In 1845, after his brother Tomas had died, Bernardo applied for four square leagues of the La Sierra lands. Nine days later Maria Vicenta Sepulveda, the widow of Bernardo's brother Tomas, also applied for some of the same La Sierra lands. On June 15, 1846 Governor Pio Pico granted the west half of the lands, Rancho La Sierra (Yorba), to Bernado Yorba, and the east half, Rancho La Sierra (Sepulveda), to Vicente Sepulveda.

With the cession of California to the United States following the Mexican-American War, the 1848 Treaty of Guadalupe Hidalgo provided that the land grants would be honored. As required by the Land Act of 1851, a claim for Rancho La Sierra (Yorba) was filed with the Public Land Commission in 1852, and the grant was patented to Bernardo Yorba in 1875.

When the state of California was admitted into the Union in 1850 Rancho La Sierra became part of Los Angeles County, but by the time the US patent was filed, Rancho La Sierra was a part of San Bernardino County.
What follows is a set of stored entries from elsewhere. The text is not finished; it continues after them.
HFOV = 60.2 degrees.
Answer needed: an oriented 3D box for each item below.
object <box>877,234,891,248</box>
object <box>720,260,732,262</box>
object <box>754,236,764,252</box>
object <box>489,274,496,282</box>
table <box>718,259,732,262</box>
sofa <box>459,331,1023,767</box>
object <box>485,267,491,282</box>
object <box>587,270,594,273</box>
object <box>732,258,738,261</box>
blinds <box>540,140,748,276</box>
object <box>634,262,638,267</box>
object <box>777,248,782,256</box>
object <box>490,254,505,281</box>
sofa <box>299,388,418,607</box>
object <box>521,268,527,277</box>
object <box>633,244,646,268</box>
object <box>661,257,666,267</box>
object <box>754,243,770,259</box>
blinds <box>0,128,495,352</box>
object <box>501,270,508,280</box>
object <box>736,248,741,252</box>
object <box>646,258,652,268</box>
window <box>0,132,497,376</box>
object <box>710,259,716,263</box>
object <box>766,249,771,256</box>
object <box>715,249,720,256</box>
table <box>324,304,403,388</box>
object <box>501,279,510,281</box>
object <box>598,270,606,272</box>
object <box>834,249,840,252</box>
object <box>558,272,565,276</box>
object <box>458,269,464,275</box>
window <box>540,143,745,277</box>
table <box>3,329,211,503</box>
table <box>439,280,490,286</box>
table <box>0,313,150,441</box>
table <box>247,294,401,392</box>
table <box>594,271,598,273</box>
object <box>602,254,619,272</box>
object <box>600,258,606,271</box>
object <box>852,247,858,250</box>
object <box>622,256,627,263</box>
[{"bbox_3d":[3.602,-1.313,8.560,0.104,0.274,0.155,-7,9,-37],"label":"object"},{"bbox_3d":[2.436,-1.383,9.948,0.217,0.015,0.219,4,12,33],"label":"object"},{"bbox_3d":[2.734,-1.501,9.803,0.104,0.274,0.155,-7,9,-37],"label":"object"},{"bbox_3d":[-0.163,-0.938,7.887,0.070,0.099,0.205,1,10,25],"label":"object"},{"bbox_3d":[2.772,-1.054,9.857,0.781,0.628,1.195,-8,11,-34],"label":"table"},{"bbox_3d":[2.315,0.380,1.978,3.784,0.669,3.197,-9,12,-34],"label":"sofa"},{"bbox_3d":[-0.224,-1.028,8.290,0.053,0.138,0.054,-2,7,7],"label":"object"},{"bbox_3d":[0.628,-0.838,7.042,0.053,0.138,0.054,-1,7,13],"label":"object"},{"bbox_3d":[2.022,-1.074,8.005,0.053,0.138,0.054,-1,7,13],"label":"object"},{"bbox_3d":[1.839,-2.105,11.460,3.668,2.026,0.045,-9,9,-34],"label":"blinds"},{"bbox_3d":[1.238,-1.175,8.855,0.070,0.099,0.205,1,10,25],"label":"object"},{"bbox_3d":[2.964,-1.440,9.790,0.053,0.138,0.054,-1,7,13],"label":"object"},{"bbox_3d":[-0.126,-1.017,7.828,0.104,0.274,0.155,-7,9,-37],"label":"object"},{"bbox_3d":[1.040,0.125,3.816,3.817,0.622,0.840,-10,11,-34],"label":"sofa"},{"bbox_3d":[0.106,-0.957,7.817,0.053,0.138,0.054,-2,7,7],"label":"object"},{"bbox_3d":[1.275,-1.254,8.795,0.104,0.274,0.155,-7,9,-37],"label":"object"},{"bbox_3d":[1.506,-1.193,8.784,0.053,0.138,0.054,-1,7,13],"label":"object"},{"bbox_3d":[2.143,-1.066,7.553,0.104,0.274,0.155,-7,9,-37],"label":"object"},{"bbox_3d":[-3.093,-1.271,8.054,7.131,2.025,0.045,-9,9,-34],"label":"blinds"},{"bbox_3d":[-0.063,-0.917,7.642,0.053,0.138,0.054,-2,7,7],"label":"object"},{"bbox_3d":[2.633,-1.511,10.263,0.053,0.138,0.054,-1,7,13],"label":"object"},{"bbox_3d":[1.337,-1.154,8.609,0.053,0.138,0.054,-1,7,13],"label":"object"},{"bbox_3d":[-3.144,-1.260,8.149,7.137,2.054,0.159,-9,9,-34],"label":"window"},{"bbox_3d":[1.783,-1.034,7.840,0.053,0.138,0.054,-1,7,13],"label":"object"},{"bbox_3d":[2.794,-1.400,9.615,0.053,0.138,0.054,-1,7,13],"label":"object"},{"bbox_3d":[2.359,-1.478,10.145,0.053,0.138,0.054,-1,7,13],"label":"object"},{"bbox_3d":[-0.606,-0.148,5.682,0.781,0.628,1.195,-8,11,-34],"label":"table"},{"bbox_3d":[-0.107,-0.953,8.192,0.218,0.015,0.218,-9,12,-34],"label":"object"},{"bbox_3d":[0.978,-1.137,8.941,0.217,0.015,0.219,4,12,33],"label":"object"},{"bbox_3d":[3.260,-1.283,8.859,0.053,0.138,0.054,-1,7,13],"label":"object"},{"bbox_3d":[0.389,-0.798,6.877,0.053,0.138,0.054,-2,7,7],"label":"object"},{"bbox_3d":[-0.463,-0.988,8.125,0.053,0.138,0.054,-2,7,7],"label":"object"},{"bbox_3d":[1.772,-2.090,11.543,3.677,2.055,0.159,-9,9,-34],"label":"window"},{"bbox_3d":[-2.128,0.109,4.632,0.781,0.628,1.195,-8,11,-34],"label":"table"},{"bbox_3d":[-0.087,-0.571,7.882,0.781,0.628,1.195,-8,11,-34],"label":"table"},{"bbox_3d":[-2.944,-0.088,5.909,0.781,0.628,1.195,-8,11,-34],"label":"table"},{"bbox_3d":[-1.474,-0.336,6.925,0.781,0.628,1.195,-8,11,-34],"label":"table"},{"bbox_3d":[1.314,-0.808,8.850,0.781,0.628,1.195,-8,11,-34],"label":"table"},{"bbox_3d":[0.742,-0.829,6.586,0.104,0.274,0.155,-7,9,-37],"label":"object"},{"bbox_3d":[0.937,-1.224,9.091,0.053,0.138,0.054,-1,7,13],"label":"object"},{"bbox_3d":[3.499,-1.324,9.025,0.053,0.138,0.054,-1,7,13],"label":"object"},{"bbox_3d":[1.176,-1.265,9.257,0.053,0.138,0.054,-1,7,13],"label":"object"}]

In 1893, the Rancho became part of Riverside County when the California Legislature authorized the formation of Riverside County taking lands from both San Bernardino County and San Diego County.

R.B. Taylor, George L. Joy, Samuel Merrill, A. S. Garretson, and Adolph Rimpau, a citrus growers' organization, purchased Rancho La Sierra of Bernardo Yorba, and the Rancho Temescal grant of Leandro Serrano in 1886. The colony was laid out as South Riverside, and in 1896 renamed Corona (Spanish: "Crown") for a 3-mile (5-km) circular drive that is now around the central city and was the site of international automobile races from 1913 to 1916.

Bernardo Yorba expanded his lands further when he purchased Rancho El Rincon from Juan Bandini.

== Etymology ==
Translated from Spanish into English, "La Sierra de Santa Ana" means "The mountains of Santa Ana". According to Bernardo's petition for the La Sierra lands, the Yorba brothers had used this name as early as 1825. The name distinguished the higher elevation La Sierra de Santa Ana lands from Bernardo's Cañón de Santa Ana lands, both positioned beside the Santa Ana River.

== Historic sites ==
- Corona Founders Monument – Taylor, Joy, Merrill, Garretson, and Rimpau, having purchased Rancho La Sierra of Bernardo Yorba and Rancho Temescal of Leandro Serrano on May 4, 1886, founded the citrus colony and town of Corona.